* [Assignment]
Every line from the line containing "Can you find" to the end of the data must appear in the answer exactly as it appears there, and nothing else.
(Beginning of Dataset section)
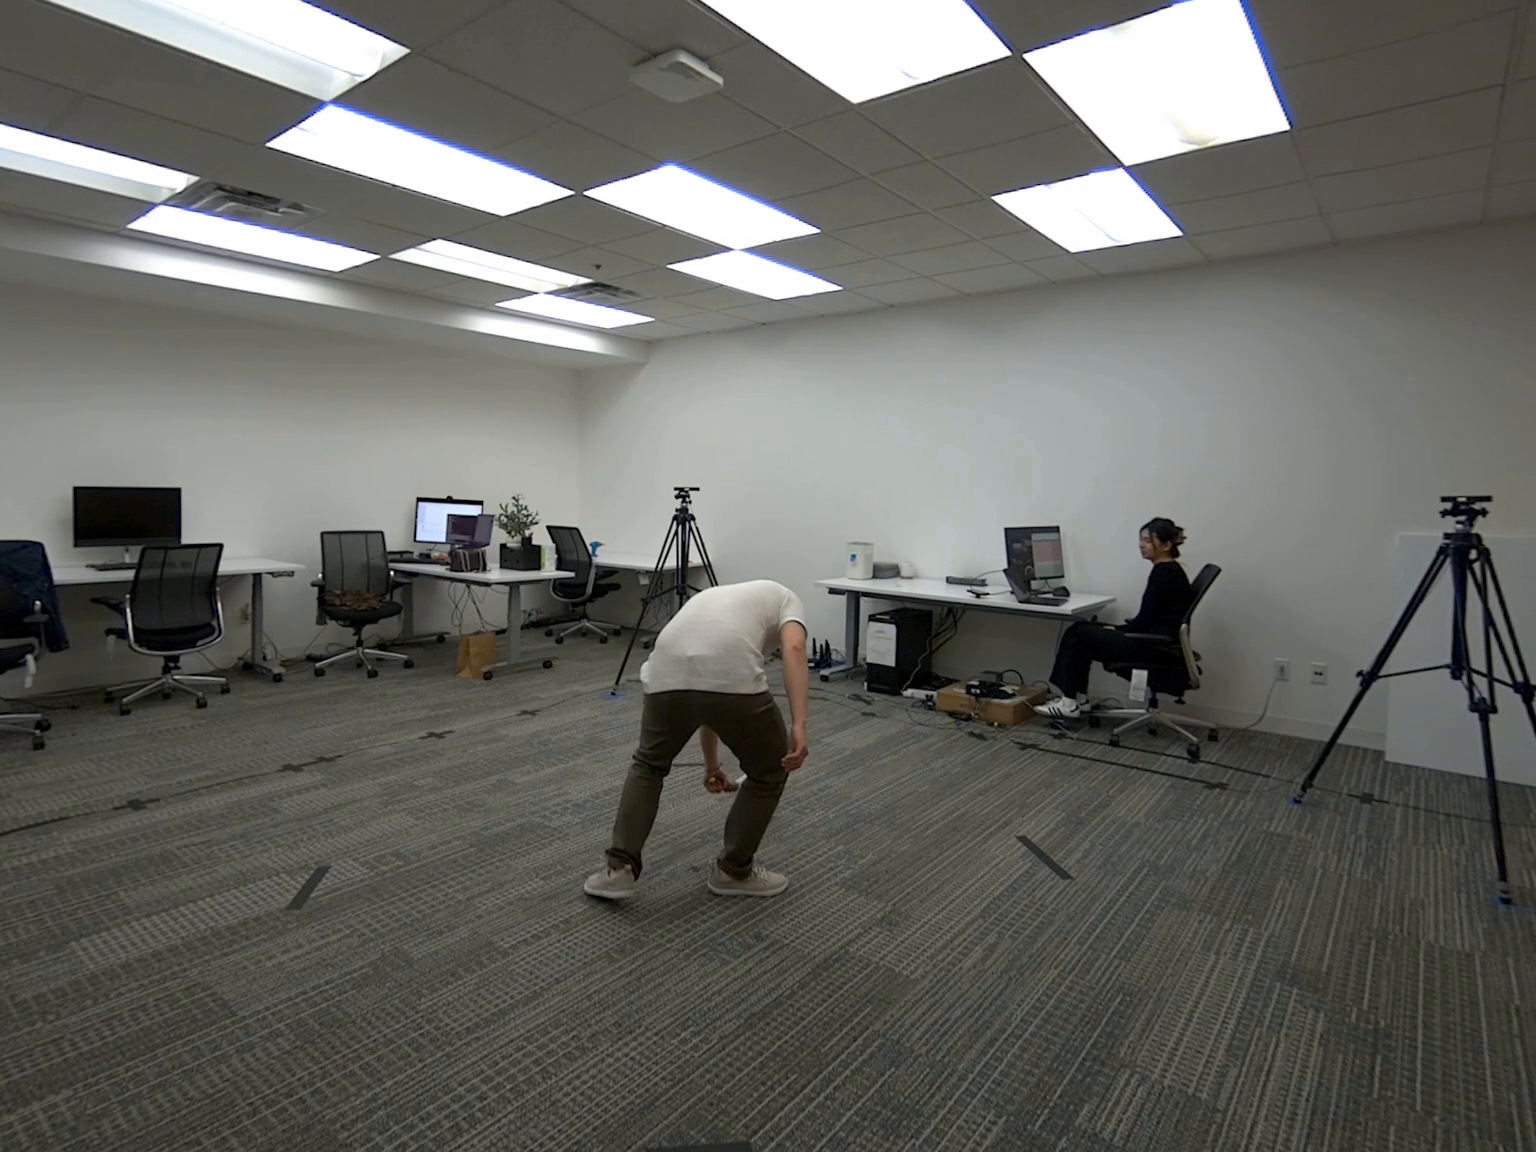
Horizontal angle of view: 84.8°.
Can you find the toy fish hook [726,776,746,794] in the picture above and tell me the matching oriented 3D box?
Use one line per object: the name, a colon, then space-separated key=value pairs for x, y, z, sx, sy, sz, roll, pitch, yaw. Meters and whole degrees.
toy fish hook: x=-0.116 y=0.888 z=3.409 sx=0.049 sy=0.229 sz=0.488 roll=-14 pitch=-20 yaw=25
(End of Dataset section)
* [Solution to the problem]
Can you find the toy fish hook [726,776,746,794] in the picture above and tell me the matching oriented 3D box?
Use one line per object: the name, a colon, then space-separated key=value pairs for x, y, z, sx, sy, sz, roll, pitch, yaw. Meters and whole degrees.
toy fish hook: x=-0.116 y=0.888 z=3.409 sx=0.049 sy=0.229 sz=0.488 roll=-14 pitch=-20 yaw=25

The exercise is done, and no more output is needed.